15. Although no one from the plaintiffs' firm asked anyone in the clerk's office to request Judge Pellegrino to act on the capias motion without notice to the complainant and a hearing, and in the absence of any communication between Judge Pellegrino and counsel for either of the parties in the FMP case, Judge Pellegrino granted the capias motion, and later on August 18, 1993, a capias ("capias") was issued;
16. The capias (presumably a copy) was served on the complainant during the evening of August 18, 1993, although the complainant was not taken into custody at that time;
17. On August 20, 1993, pursuant to the capias, the complainant was brought to the courthouse in Waterbury by a deputy sheriff;
18. Under date of August 19, 1993, Attorney Cummings filed in the FMP case a motion titled "Motion for Finding of Professional Misconduct" ("misconduct motion");
19. The misconduct motion states, in relevant part:
"The defendants in the above-captioned case respectfully represent to the Court that Attorney Patricia J. Norley, Attorney James Robertson and Attorney Joseph Budny have violated Rule 3.3 of CT Page 6658 the Rules of Professional Conduct in obtaining a Capias from this Court against the defendant, Robert L. Hughes.
. . .
"The defendants respectfully request that the Court find that the plaintiff's attorneys have violated . . . Rule 3.3(d) of the Rules of Professional conduct.
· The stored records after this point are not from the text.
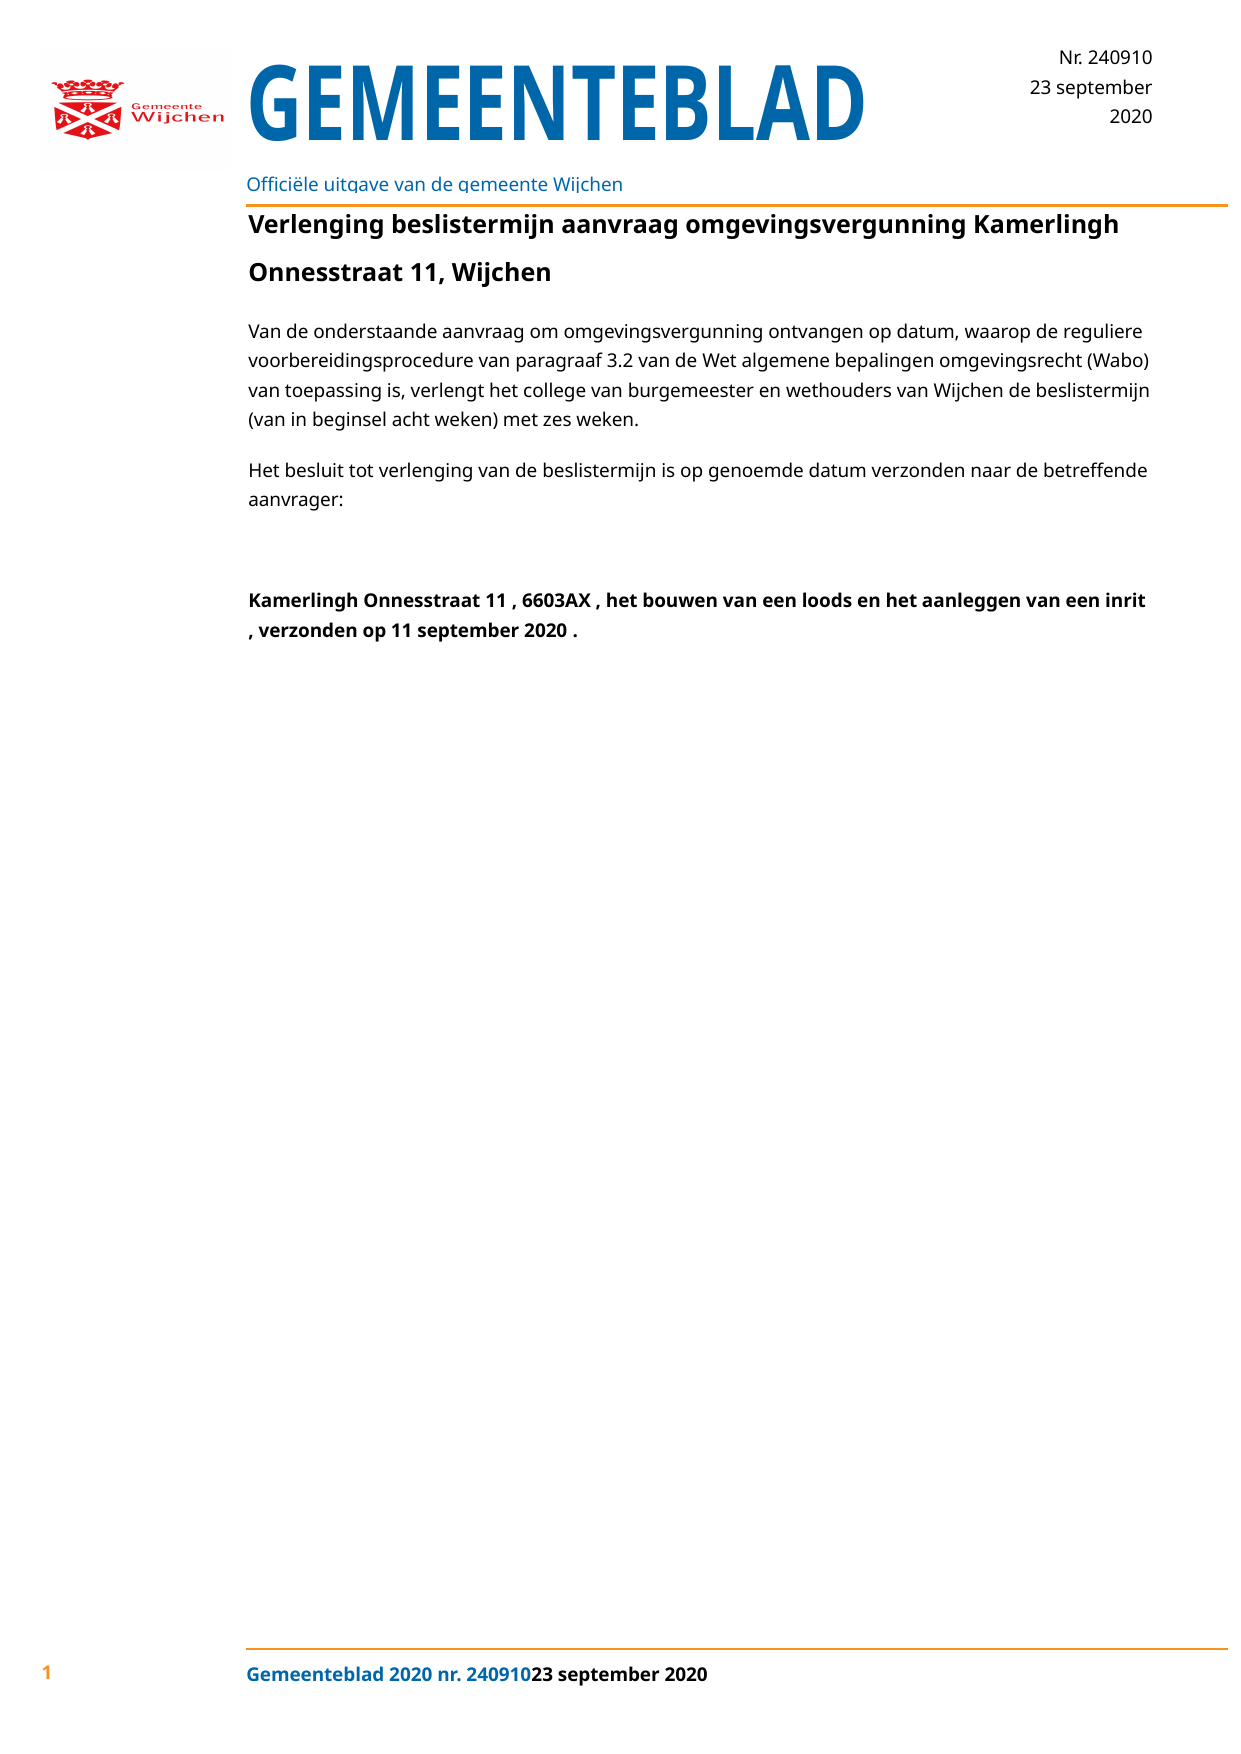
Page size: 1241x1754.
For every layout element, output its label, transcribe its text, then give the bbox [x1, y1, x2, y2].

picture [41, 47, 231, 172]
text Het besluit tot verlenging van de beslistermijn is op genoemde datum verzonden naar de betreffende aanvrager: [248, 457, 1152, 512]
text Verlenging beslistermijn aanvraag omgevingsvergunning Kamerlingh Onnesstraat 11, Wijchen [248, 207, 1152, 288]
text Van de onderstaande aanvraag om omgevingsvergunning ontvangen op datum, waarop de reguliere voorbereidingsprocedure van paragraaf 3.2 van de Wet algemene bepalingen omgevingsrecht (Wabo) van toepassing is, verlengt het college van burgemeester en wethouders van Wijchen de beslistermijn (van in beginsel acht weken) met zes weken. [248, 318, 1152, 432]
text Kamerlingh Onnesstraat 11 , 6603AX , het bouwen van een loods en het aanleggen van een inrit , verzonden op 11 september 2020 . [248, 587, 1152, 643]

"The defendants respectfully request that the Court order such sanctions and such enter (sic) protective orders as the Court deems appropriate to prevent abuse of process in the future by the plaintiff and its attorneys in this proceeding."
20. On August 20, 1993, Judge Pellegrino conducted a hearing ("August 20 hearing") in the FMP case during which he heard the issue whether the complainant should be required to attend his deposition, as requested in the capias motion, as well as the misconduct motion and a motion to quash (not relevant to this appeal) filed by Attorney Cummings;
21. Attorneys Norley and Cummings attended the August 20 hearing;
22. After he introduced himself to the court at the August 20 hearing, the first remarks by Attorney Cummings to the court were in the following colloquy:
THE COURT: And Mr Hughes' attorney wishes to be heard; is that correct.
MR. CUMMINGS: Yes, your Honor.
Two things, your Honor. First of all, the two motions that I filed this morning, one is a motion to quash the capias and for protective orders regarding discovery in this case, and the other is a request for a finding of imposition of sanctions by this Court for what I feel to be professional misconduct in this case by the attorneys for the plaintiff, Fabricated Metal Products. CT Page 6659
I might say at this point, your Honor, that I do not make that motion lightly, and I've been a practicing attorney for twenty-three years, and in my recollection, this is the first time I ever filed such I a document. I just say that from the point of view that my client was brought here in custody this morning by the deputy sheriff based on an ex parte capias which was issued, and therefore, because I believe this does involve the court and the integrity of the court, I should at least bring the facts to the court's attention as I know it.
23. The August 20 hearing continued with argument by Attorneys Norley and Cummings until Attorney Cummings suggested the matter be passed to afford counsel an opportunity to "see if we can scope out an order . . .";
24. The August 20 hearing was then recessed. I Following the recess, Attorneys Norley and Cummings reported an agreement to the court, following which the court entered a temporary injunction. The following colloquy concluded the August 20 hearing:
THE COURT: I'm going to quash the capias and I'm not going to make any order relative to the deposition because there's no need for a expedited deposition.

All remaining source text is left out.